Power Sector Reform in Brazil: Challenges to Private Investment

Wed Aug 01 16:24:00 EDT 2001
By Dr. Michael Rosenzweig, et al.

Brazil restructured its electricity sector at the end of 1994 for reasons not very different from those advanced in the other emerging economies of Latin America and elsewhere. During the 1980s and at the beginning of the 1990s there was increased awareness that government resources, even including credits from multilateral agencies, would be insufficient to satisfy the needs of a growing economy.

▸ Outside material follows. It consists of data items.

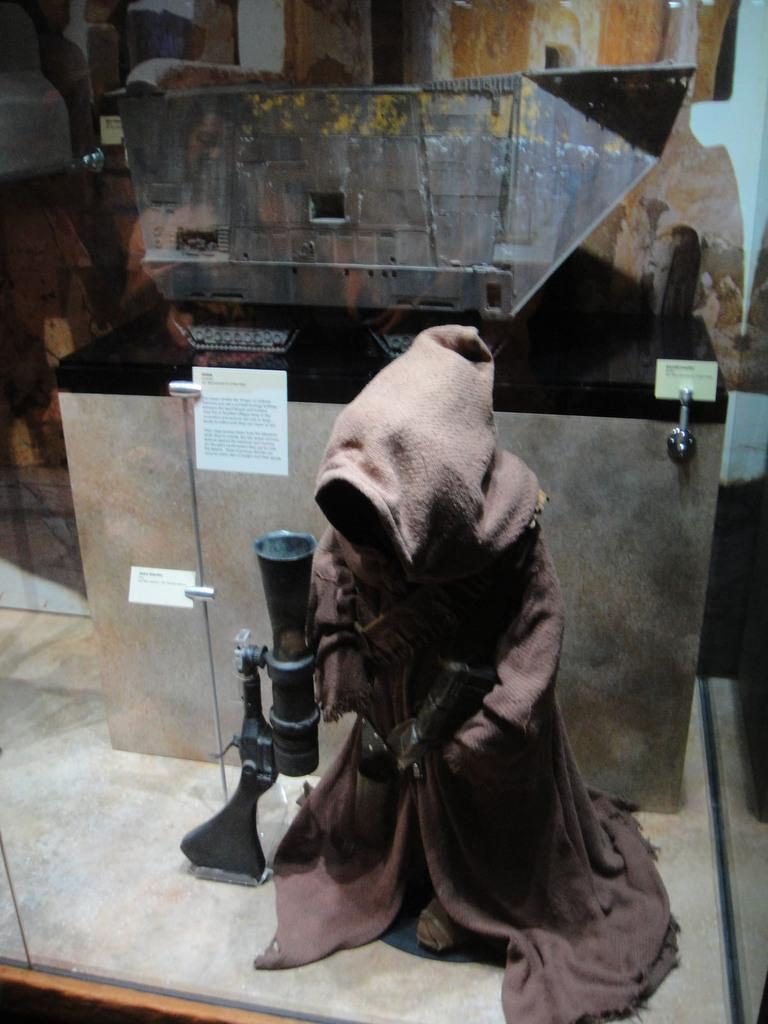What is the main subject in the foreground of the image? There is an undefined object in the foreground of the image. What can be observed about the appearance of the undefined object? The undefined object is wearing a dress. What can be seen in the background of the image? There is a paper in the background of the image. How many boats are visible in the image? There are no boats present in the image. What type of coach is standing next to the undefined object in the image? There is no coach present in the image. 
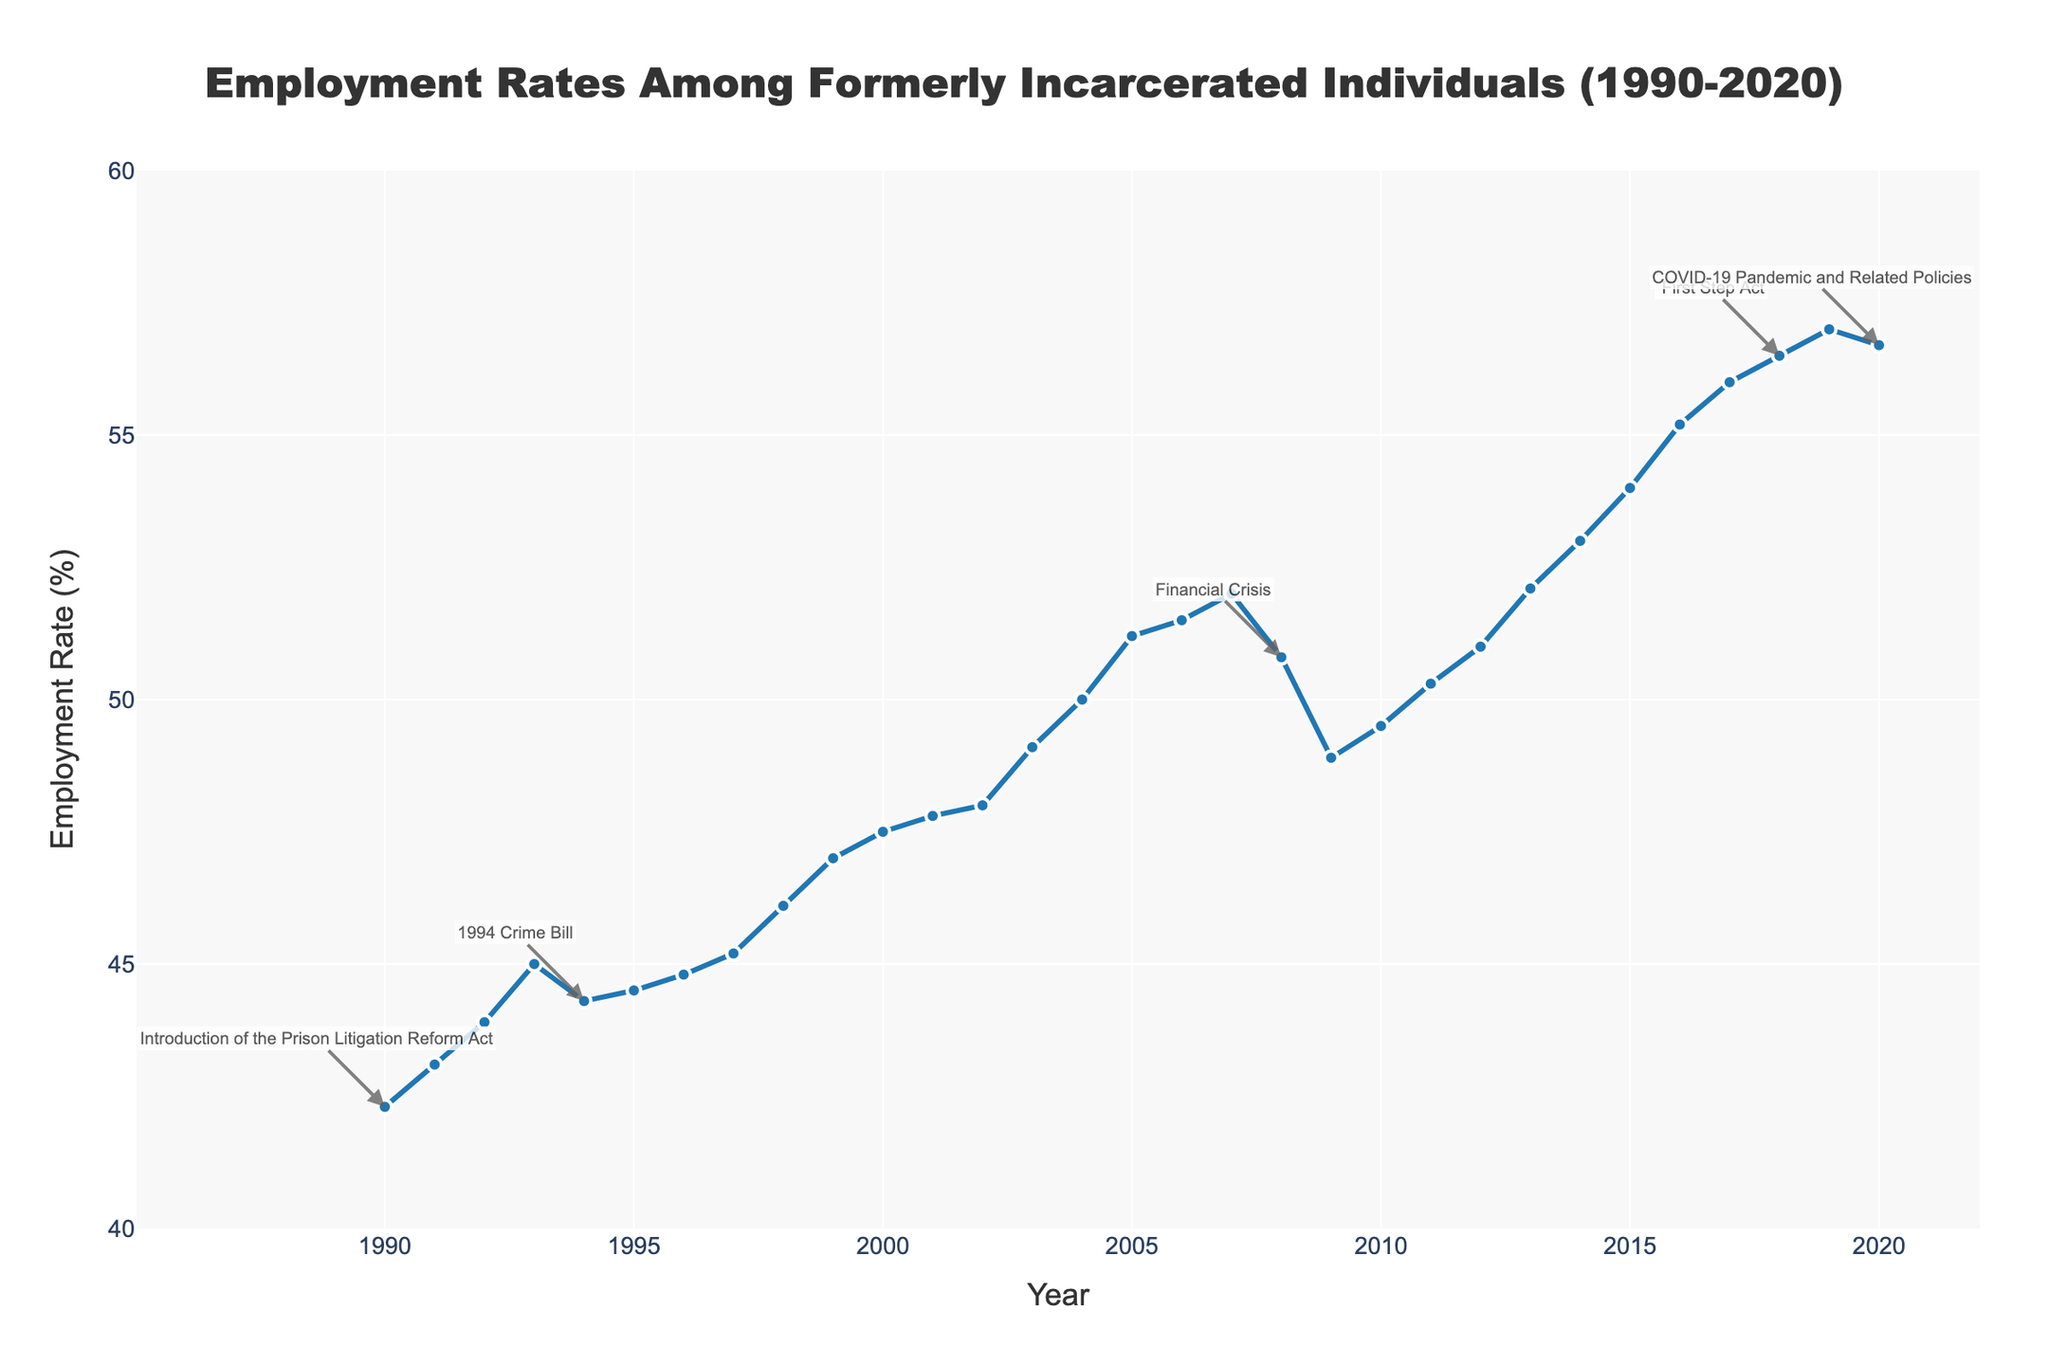What is the title of the plot? The title is centered at the top of the plot and reads "Employment Rates Among Formerly Incarcerated Individuals (1990-2020)."
Answer: Employment Rates Among Formerly Incarcerated Individuals (1990-2020) What does the vertical axis represent? The vertical axis represents the Employment Rate (%), as indicated by the label on the y-axis.
Answer: Employment Rate (%) How does the employment rate change from 1990 to 2020? By observing the plot, the employment rate among formerly incarcerated individuals generally increases from around 42.3% in 1990 to approximately 56.7% in 2020, though there are fluctuations.
Answer: Generally increases with fluctuations Which year shows the lowest employment rate? The plot indicates that the lowest employment rate is around 42.3% in 1990, as it is the first data point on the line at the lowest level.
Answer: 1990 What is the impact of the 2008 Financial Crisis on the employment rate? Around 2008, the employment rate drops from about 52% in 2007 to 50.8% in 2008 and further to 48.9% in 2009, indicating a negative impact on employment rates during the Financial Crisis.
Answer: Negative impact, drops to 48.9% by 2009 How many major policy changes are annotated on the plot? The annotations for major policy changes are visible at four points on the plot, corresponding to the "Introduction of the Prison Litigation Reform Act," "1994 Crime Bill," "Financial Crisis," "First Step Act," and "COVID-19 Pandemic and Related Policies."
Answer: Five In which years did the employment rate see notable increases? Notable increases in employment rate can be observed in the following years: from 1992 to 1993, from 1997 to 1998, from 2003 to 2004, and from 2017 to 2018.
Answer: 1992-1993, 1997-1998, 2003-2004, 2017-2018 What was the employment rate in the year when the First Step Act was introduced? The employment rate in 2018, the year when the First Step Act was introduced, is approximately 56.5%, according to the plot.
Answer: 56.5% Compare the employment rates before and after the 1994 Crime Bill. Before the 1994 Crime Bill, the employment rate was 45.0% in 1993. After the Bill, in 1995, the rate is 44.5%, showing a slight decrease initially.
Answer: Slightly decreased (45.0% to 44.5%) How does the highest employment rate compare to the lowest? The highest employment rate is around 57.0% in 2019, and the lowest is about 42.3% in 1990. The increase from lowest to highest is 57.0% - 42.3% = 14.7 percentage points.
Answer: 14.7 percentage points higher

Alternative funding for investment in infrastructure in general, and in the electricity sector in particular, had to be found, and private participation in monopolistic activities historically owned by the government became recognised as the only feasible resource. In developed countries like the United Kingdom, rationales for restructuring included objectives like competition, efficiency, expansion of the capital market, etc. In Brazil, the unavailability of economic resources drove reform. Unfortunately, Brazil has not yet been able to create an environment that induces purely private investment, and this shortcoming impedes the progress of the reform and the development of the power sector itself.

The Government of Brazil (GoB) adopted an electricity restructuring model that envisaged the introduction of competition and reliance on private investors who would take the necessary actions to guarantee an adequate supply of electricity. The model's premise was that profit-motivated private investors would assume the activities previously managed by the GoB and state governments, improve existing service, and provide the necessary funds and services. Thus, private investors would not only assume the control of those assets that belonged to the GoB/states but would also develop new infrastructure, and would be the only alternative for the provision of generation, distribution and retail services. The GoB would redirect its actions to solve more fundamental problems of the country such as macroeconomic stability, education, and public health, and participate in the power sector only as a policy maker and as the sole provider of transmission service. The article explores the nature of the "private" investment in Brazil, presents the obstacles for private investment i.e. financial and development impediments, and shows the unsustainability of the reform based on the mix of private and governmental entities not capable of satisfying the growing power needs of the Brazilian market over the long term.

This article was published in Project Finance International, Issue 222, August 2001.